Salk, the man who cured polio
Just as ambitious was the immunization process, involving in the trial stage alone some twenty thousand doctors and other medical personnel, sixty-four thousand public school staffers and two hundred twenty thousand volunteers. In a subsequent trial before general application of the vaccine, 1.8 million schoolchildren were vaccinated. And, in short order, through the monumental effort of every segment of society, within a year virtually every schoolchild, and eventually their parents as well, had been vaccinated, as were children around the world.

It’s hard to stress enough what a miracle not only the vaccine but the cooperation of everyone concerned in the immunization process was. In this age of COVID-deniers, anti-vaxxers and foot-dragging politicians, it's interesting to note that while COVID-19 has infected millions and killed over half a million people in the US alone, by the time Salk had created his vaccine and virtually everyone had cooperated to get it into arms all around the world, “only” three thousand one hundred forty-five people had died and twenty-one thousand two hundred sixty-nine had been left with crippling effects of the disease in the US. When the worldwide vaccination campaign began in 1955, there were about twenty-two thousand—that’s right, two twos and three zeros—reported cases worldwide. By the following year, thanks to vaccination, cases were down to fifteen thousand, and by 2017 the worldwide total of new cases was twenty-two. So for all of our extraordinary technological advances of the past half-century, our sense of solidarity has apparently not kept pace. Not by a longshot.

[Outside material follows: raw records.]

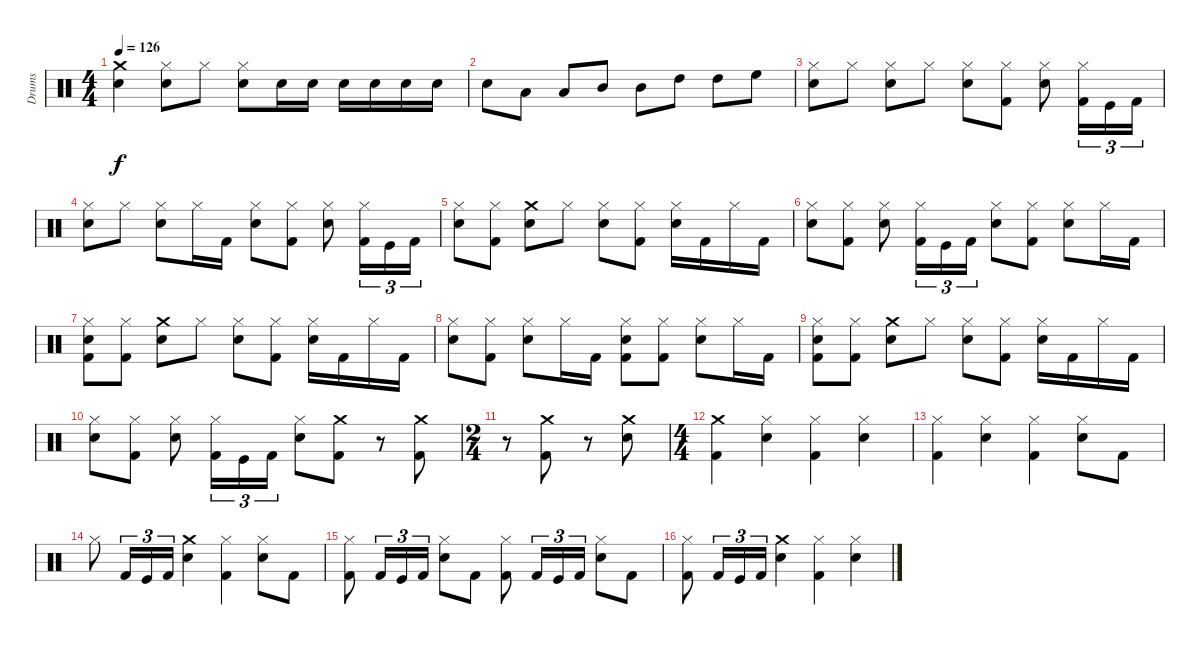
\track ("Drums" "Drums") {instrument percussion}
\staff {score}
\articulation defaults
\ts (4 4)
\tempo 126
\clef neutral
\ks c
("Crash medium (hit)" "Snare (hit) 2").4{dy f} ("Hi-Hat (closed)" "Snare (hit) 2").8 "Hi-Hat (closed)".8 ("Snare (hit) 2" "Hi-Hat (closed)").8 "Snare (hit) 2".16 "Snare (hit) 2".16 "Snare (hit) 2".16 "Snare (hit) 2".16 "Snare (hit) 2".16 "Snare (hit) 2".16 |
"Snare (hit) 2".8 "Low Tom (hit)".8 "Low Tom (hit)".8 "Mid Tom (hit)".8 "Mid Tom (hit)".8 "High Tom (hit)".8 "High Tom (hit)".8 "High Floor Tom (hit)".8 |
("Hi-Hat (closed)" "Snare (hit) 2").8 "Hi-Hat (closed)".8 ("Snare (hit) 2" "Hi-Hat (closed)").8 "Hi-Hat (closed)".8 ("Snare (hit) 2" "Hi-Hat (closed)").8 ("Kick (hit) 2" "Hi-Hat (closed)").8 ("Snare (hit) 2" "Hi-Hat (closed)").8 ("Kick (hit) 2" "Hi-Hat (closed)").16{tu (3 2)} "Kick (hit)".16{tu (3 2)} "Kick (hit) 2".16{tu (3 2)} |
("Hi-Hat (closed)" "Snare (hit) 2").8 "Hi-Hat (closed)".8 ("Snare (hit) 2" "Hi-Hat (closed)").8 "Hi-Hat (closed)".16 "Kick (hit) 2".16 ("Snare (hit) 2" "Hi-Hat (closed)").8 ("Kick (hit) 2" "Hi-Hat (closed)").8 ("Snare (hit) 2" "Hi-Hat (closed)").8 ("Kick (hit) 2" "Hi-Hat (closed)").16{tu (3 2)} "Kick (hit)".16{tu (3 2)} "Kick (hit) 2".16{tu (3 2)} |
("Hi-Hat (closed)" "Snare (hit) 2").8 ("Kick (hit) 2" "Hi-Hat (closed)").8 ("Crash medium (hit)" "Snare (hit) 2").8 "Hi-Hat (closed)".8 ("Snare (hit) 2" "Hi-Hat (closed)").8 ("Kick (hit) 2" "Hi-Hat (closed)").8 ("Snare (hit) 2" "Hi-Hat (closed)").16 "Kick (hit) 2".16 "Hi-Hat (closed)".16 "Kick (hit) 2".16 |
("Snare (hit) 2" "Hi-Hat (closed)").8 ("Hi-Hat (closed)" "Kick (hit) 2").8 ("Snare (hit) 2" "Hi-Hat (closed)").8 ("Hi-Hat (closed)" "Kick (hit) 2").16{tu (3 2)} "Kick (hit)".16{tu (3 2)} "Kick (hit) 2".16{tu (3 2)} ("Snare (hit) 2" "Hi-Hat (closed)").8 ("Kick (hit) 2" "Hi-Hat (closed)").8 ("Hi-Hat (closed)" "Snare (hit) 2").8 "Hi-Hat (closed)".16 "Kick (hit) 2".16 |
("Kick (hit) 2" "Snare (hit) 2" "Hi-Hat (closed)").8 ("Kick (hit) 2" "Hi-Hat (closed)").8 ("Crash medium (hit)" "Snare (hit) 2").8 "Hi-Hat (closed)".8 ("Snare (hit) 2" "Hi-Hat (closed)").8 ("Kick (hit) 2" "Hi-Hat (closed)").8 ("Hi-Hat (closed)" "Snare (hit) 2").16 "Kick (hit) 2".16 "Hi-Hat (closed)".16 "Kick (hit) 2".16 |
("Hi-Hat (closed)" "Snare (hit) 2").8 ("Kick (hit) 2" "Hi-Hat (closed)").8 ("Snare (hit) 2" "Hi-Hat (closed)").8 "Hi-Hat (closed)".16 "Kick (hit) 2".16 ("Kick (hit) 2" "Snare (hit) 2" "Hi-Hat (closed)").8 ("Kick (hit) 2" "Hi-Hat (closed)").8 ("Snare (hit) 2" "Hi-Hat (closed)").8 "Hi-Hat (closed)".16 "Kick (hit) 2".16 |
("Kick (hit) 2" "Snare (hit) 2" "Hi-Hat (closed)").8 ("Kick (hit) 2" "Hi-Hat (closed)").8 ("Crash medium (hit)" "Snare (hit) 2").8 "Hi-Hat (closed)".8 ("Snare (hit) 2" "Hi-Hat (closed)").8 ("Kick (hit) 2" "Hi-Hat (closed)").8 ("Hi-Hat (closed)" "Snare (hit) 2").16 "Kick (hit) 2".16 "Hi-Hat (closed)".16 "Kick (hit) 2".16 |
("Snare (hit) 2" "Hi-Hat (closed)").8 ("Hi-Hat (closed)" "Kick (hit) 2").8 ("Snare (hit) 2" "Hi-Hat (closed)").8 ("Hi-Hat (closed)" "Kick (hit) 2").16{tu (3 2)} "Kick (hit)".16{tu (3 2)} "Kick (hit) 2".16{tu (3 2)} ("Hi-Hat (closed)" "Snare (hit) 2").8 ("Kick (hit) 2" "Crash medium (hit)").8 r.8 ("Crash medium (hit)" "Kick (hit) 2").8 |
\ts (2 4)
r.8 ("Kick (hit) 2" "Crash medium (hit)").8 r.8 ("Snare (hit) 2" "Crash medium (hit)").8 |
\ts (4 4)
("Kick (hit) 2" "Crash medium (hit)").4 ("Hi-Hat (closed)" "Snare (hit) 2").4 ("Hi-Hat (closed)" "Kick (hit) 2").4 ("Snare (hit) 2" "Hi-Hat (closed)").4 |
("Hi-Hat (closed)" "Kick (hit) 2").4 ("Hi-Hat (closed)" "Snare (hit) 2").4 ("Hi-Hat (closed)" "Kick (hit) 2").4 ("Hi-Hat (closed)" "Snare (hit) 2").8 "Kick (hit) 2".8 |
"Hi-Hat (closed)".8 "Kick (hit) 2".16{tu (3 2)} "Kick (hit)".16{tu (3 2)} "Kick (hit) 2".16{tu (3 2)} ("Snare (hit) 2" "Crash medium (hit)").4 ("Hi-Hat (closed)" "Kick (hit) 2").4 ("Snare (hit) 2" "Hi-Hat (closed)").8 "Kick (hit) 2".8 |
("Kick (hit) 2" "Hi-Hat (closed)").8 "Kick (hit) 2".16{tu (3 2)} "Kick (hit)".16{tu (3 2)} "Kick (hit) 2".16{tu (3 2)} ("Snare (hit) 2" "Hi-Hat (closed)").8 "Kick (hit) 2".8 ("Kick (hit) 2" "Hi-Hat (closed)").8 "Kick (hit) 2".16{tu (3 2)} "Kick (hit)".16{tu (3 2)} "Kick (hit) 2".16{tu (3 2)} ("Snare (hit) 2" "Hi-Hat (closed)").8 "Kick (hit) 2".8 |
("Hi-Hat (closed)" "Kick (hit) 2").8 "Kick (hit) 2".16{tu (3 2)} "Kick (hit)".16{tu (3 2)} "Kick (hit) 2".16{tu (3 2)} ("Snare (hit) 2" "Crash medium (hit)").4 ("Kick (hit) 2" "Hi-Hat (closed)").4 ("Hi-Hat (closed)" "Snare (hit) 2").4

Which brings me to the final point that I’ve been thinking about. Perhaps with such vast and almost daily “progress” we have become numb to the miracles around us. Maybe in our race to have the latest technology we’ve fallen victim to the idea that nothing is amazing anymore and that anything and everything can be solved with the latest software. Perhaps we have become immune to awe, cynical about the fundamental importance of joint human effort in creating a better world. And that said, perhaps too, we have become so ironically isolated at a time that we have never been more connected that the idea of pesonal, national and global solidarity appears to us to be a naïve and outdated concept—something to be snorted at.

But if the current state of hostility between neighbors, our failure to protect our environment (the most incredible miracle of all) and the disaster that the COVID-19 pandemic has been are anything to go by, isn’t it maybe time we brought solidarity and cooperation back? And isn’t it high time we recalled the meaning of the word “awestruck” and stopped giving a whole new and negative meaning to the word “dumbstruck”?

 

5 comments:

Chris Glass said...

Amazing what we have lived through ! Great read ! Thank you !

Dan Newland said...

Thank YOU, Chris!

Joe Ballweg said...

All this is good food for thought Dan! I hope lots of people will decide to
have a meal!

Joe

Dan Newland said...

Thanks for reading it, Joe!

Victoria said...

Love your writing style and talent. Thank you!